We have merged the 2 dataframes. Now, let us see if our `Returned` column contains any unique values or not. 

In [77]:
ret['Returned'].value_counts()

Yes    1079
Name: Returned, dtype: int64

As we can see, our DataFrame contains only those values that were returned.

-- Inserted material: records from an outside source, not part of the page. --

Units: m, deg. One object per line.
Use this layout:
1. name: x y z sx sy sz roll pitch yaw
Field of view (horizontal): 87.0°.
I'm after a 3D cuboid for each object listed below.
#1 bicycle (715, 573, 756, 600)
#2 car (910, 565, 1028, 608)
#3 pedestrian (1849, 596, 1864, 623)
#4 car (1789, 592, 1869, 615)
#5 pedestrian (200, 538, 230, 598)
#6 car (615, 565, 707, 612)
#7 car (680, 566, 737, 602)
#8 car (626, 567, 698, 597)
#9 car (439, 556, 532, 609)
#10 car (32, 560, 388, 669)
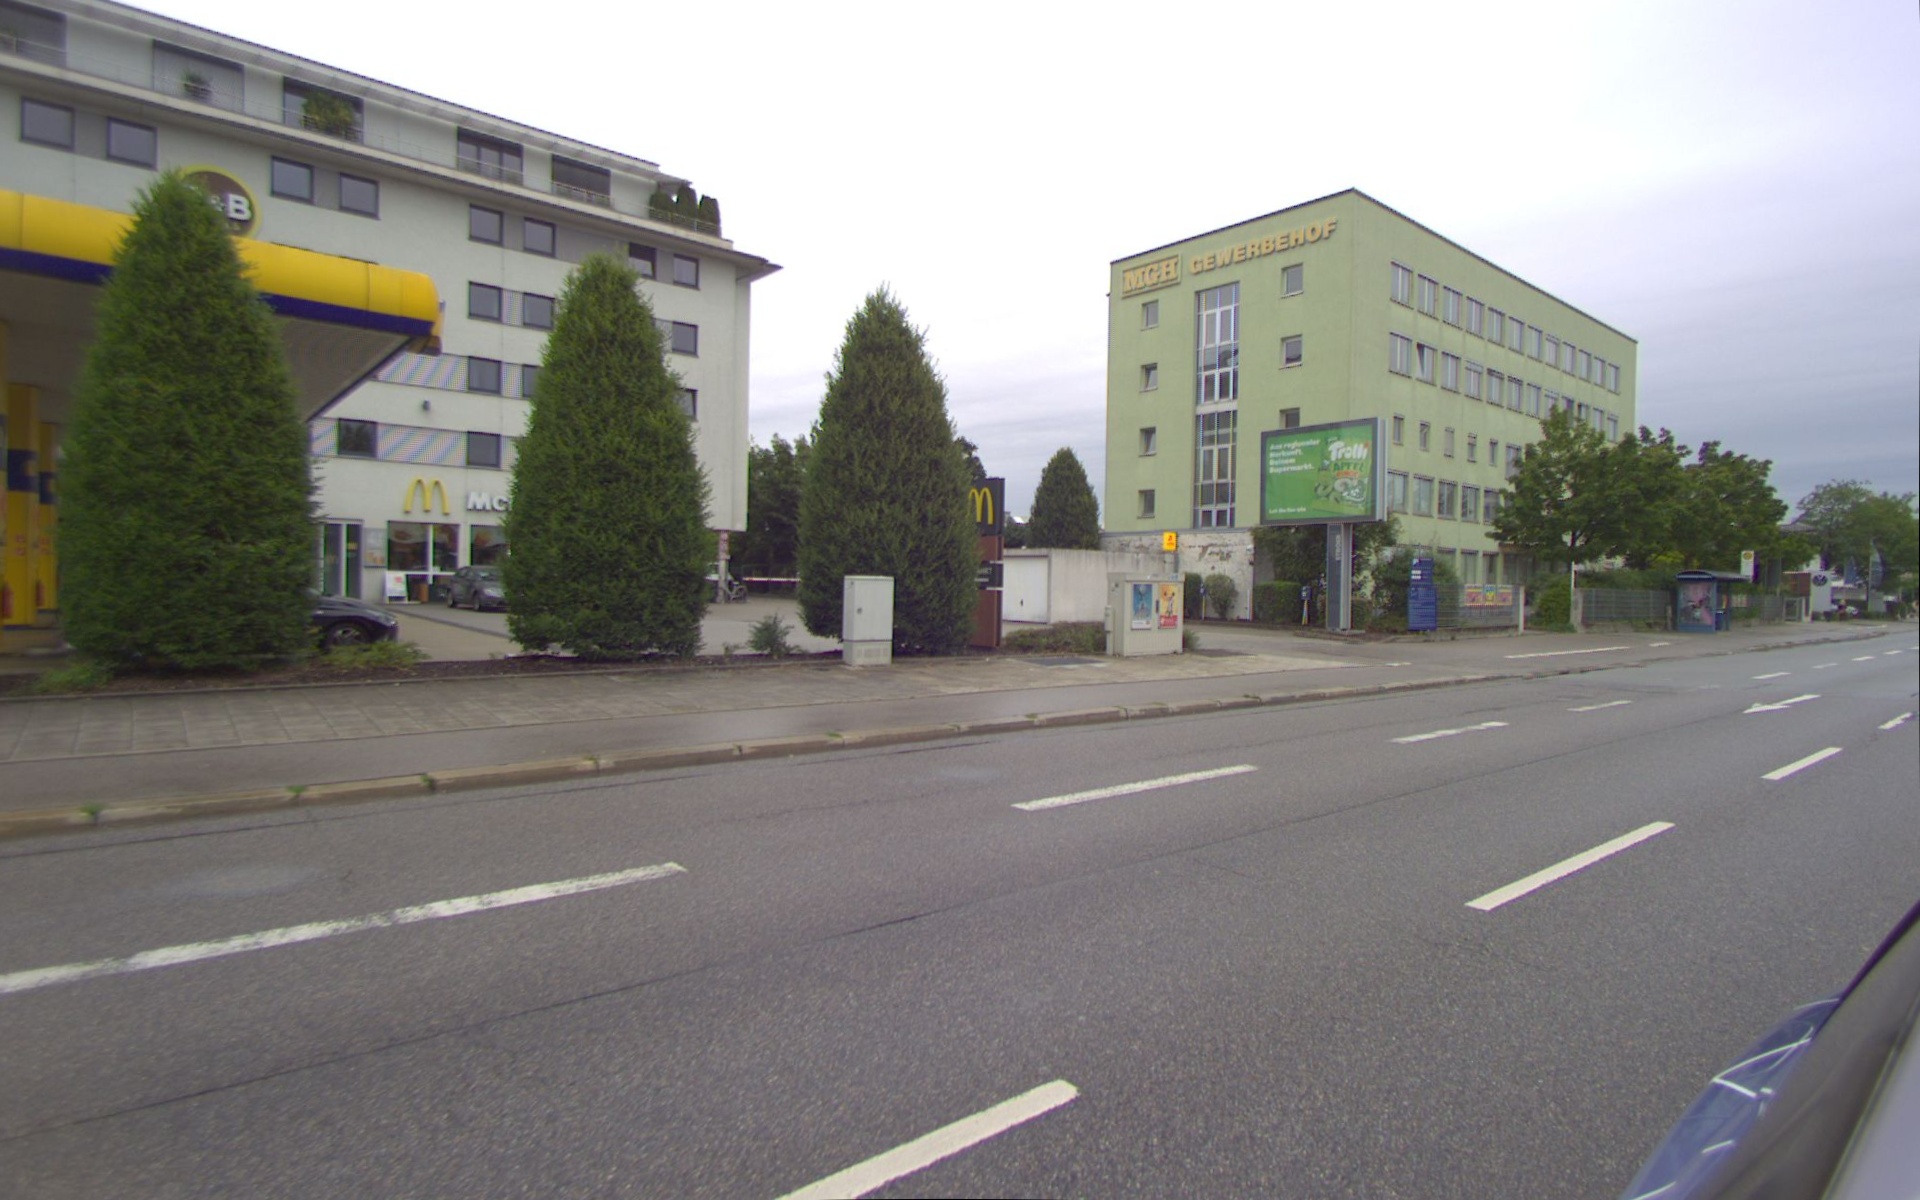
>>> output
1. bicycle: -9.735 -0.567 43.876 0.447 1.130 1.848 0 0 40
2. car: 0.353 -0.458 35.791 3.929 1.457 1.828 0 0 -41
3. pedestrian: 61.906 0.673 69.876 0.676 1.844 0.682 0 0 -41
4. car: 70.476 0.254 82.198 4.602 1.866 1.784 0 0 28
5. pedestrian: -22.077 -0.941 29.986 0.633 1.750 0.707 0 0 -44
6. car: -10.924 -0.434 36.850 1.677 1.607 3.994 0 1 -41
7. car: -14.327 -0.881 57.508 1.690 1.967 3.997 0 0 -37
8. car: -18.095 -1.064 61.538 3.925 1.731 1.656 0 0 -36
9. car: -15.438 -0.584 32.823 1.677 1.607 3.994 0 1 -41
10. car: -10.633 0.176 14.542 3.931 1.349 1.797 0 0 -42

Now, if we want to return all the values from the `Sales` Dataframe, regardless of whether they were returned or not, then we will use the `left join`. Let us see it in action.

In [114]:
left=sales.merge(sales_return,on='Order ID',how='left')
left.head()

Unnamed: 0,Order ID,Market,Profit,Sales,Returned
0,AG-2012-AA6453-41020,Africa,53.76,298.68,
1,AG-2012-AC4203-40915,Africa,14.58,91.38,
2,AG-2012-AH2103-41133,Africa,11.04,276.96,
3,AG-2012-AJ7803-40978,Africa,7.17,35.97,
4,AG-2012-AS2853-41235,Africa,15.36,54.9,


We can see that the column `Returned` contains NoneType values. To change this, first let us convert the column values to string, and replace the values of `NaN` by `No`.

In [115]:
left['Returned']=left['Returned'].astype(str).replace('nan','No')
left['Returned'].value_counts()

No     24649
Yes     1079
Name: Returned, dtype: int64

See? This is how we can use the `merge()` method for merging two dataframes. Here, we merged two entire dataframes. Now, we will see concatenating dataframes.

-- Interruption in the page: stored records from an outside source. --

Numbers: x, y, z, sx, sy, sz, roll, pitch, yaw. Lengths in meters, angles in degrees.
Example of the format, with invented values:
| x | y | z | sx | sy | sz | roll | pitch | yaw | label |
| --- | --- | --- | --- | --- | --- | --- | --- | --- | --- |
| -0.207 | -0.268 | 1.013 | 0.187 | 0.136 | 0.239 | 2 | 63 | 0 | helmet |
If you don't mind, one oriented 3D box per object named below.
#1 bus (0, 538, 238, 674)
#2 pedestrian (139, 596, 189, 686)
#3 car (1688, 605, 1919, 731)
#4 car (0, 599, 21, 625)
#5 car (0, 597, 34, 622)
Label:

### Concatenating DataFrames

In Merging, we merged two dataframes having a common column. When we talk about concatenation, we say that __two (or more) dataframes having the exact same columns, but different entries__.

In this case, we say that __we are just adding entries to an existing dataframe using another dataframe__ with the same columns. This can be achieved using the __`concat()`__ method, which takes two arguments, a `list of dataframes to be joined` and an `index (0 (for columns) or 1 (for rows))`. It follows the following syntax - 

__`pd.concat([list-of-df],axis=)`__

Let us see an example.




In [122]:
gold = pd.DataFrame({'Country': ['USA', 'France', 'Russia'],
                         'Medals': [15, 13, 9]}
                    )
silver = pd.DataFrame({'Country': ['India', 'Germany', 'Australia'],
                        'Medals': [29, 20, 16]}
                    )
bronze = pd.DataFrame({'Country': ['Singapore', 'UK', 'Canada'],
                        'Medals': [40, 28, 27]}
                    )

Let us view them one by one. We use the `display()` function for this purpose. Let us see it in action.

In [127]:
display(gold,silver,bronze)

Unnamed: 0,Country,Medals
0,USA,15
1,France,13
2,Russia,9


Unnamed: 0,Country,Medals
0,India,29
1,Germany,20
2,Australia,16


Unnamed: 0,Country,Medals
0,Singapore,40
1,UK,28
2,Canada,27


Now, let us concatenate these dataframes. First, we will concatenate them via rows, then by columns.

In [123]:
pd.concat([gold,silver,bronze])

Unnamed: 0,Country,Medals
0,USA,15
1,France,13
2,Russia,9
0,India,29
1,Germany,20
2,Australia,16
0,Singapore,40
1,UK,28
2,Canada,27


In [130]:
pd.concat([gold,silver,bronze],axis=1)

Unnamed: 0,Country,Medals,Country.1,Medals.1,Country.2,Medals.2
0,USA,15,India,29,Singapore,40
1,France,13,Germany,20,UK,28
2,Russia,9,Australia,16,Canada,27


See? This is how we concatenate dataframes using the `concat()` method. It can also be used to combine dataframes, but only in the case where the columns are completely different.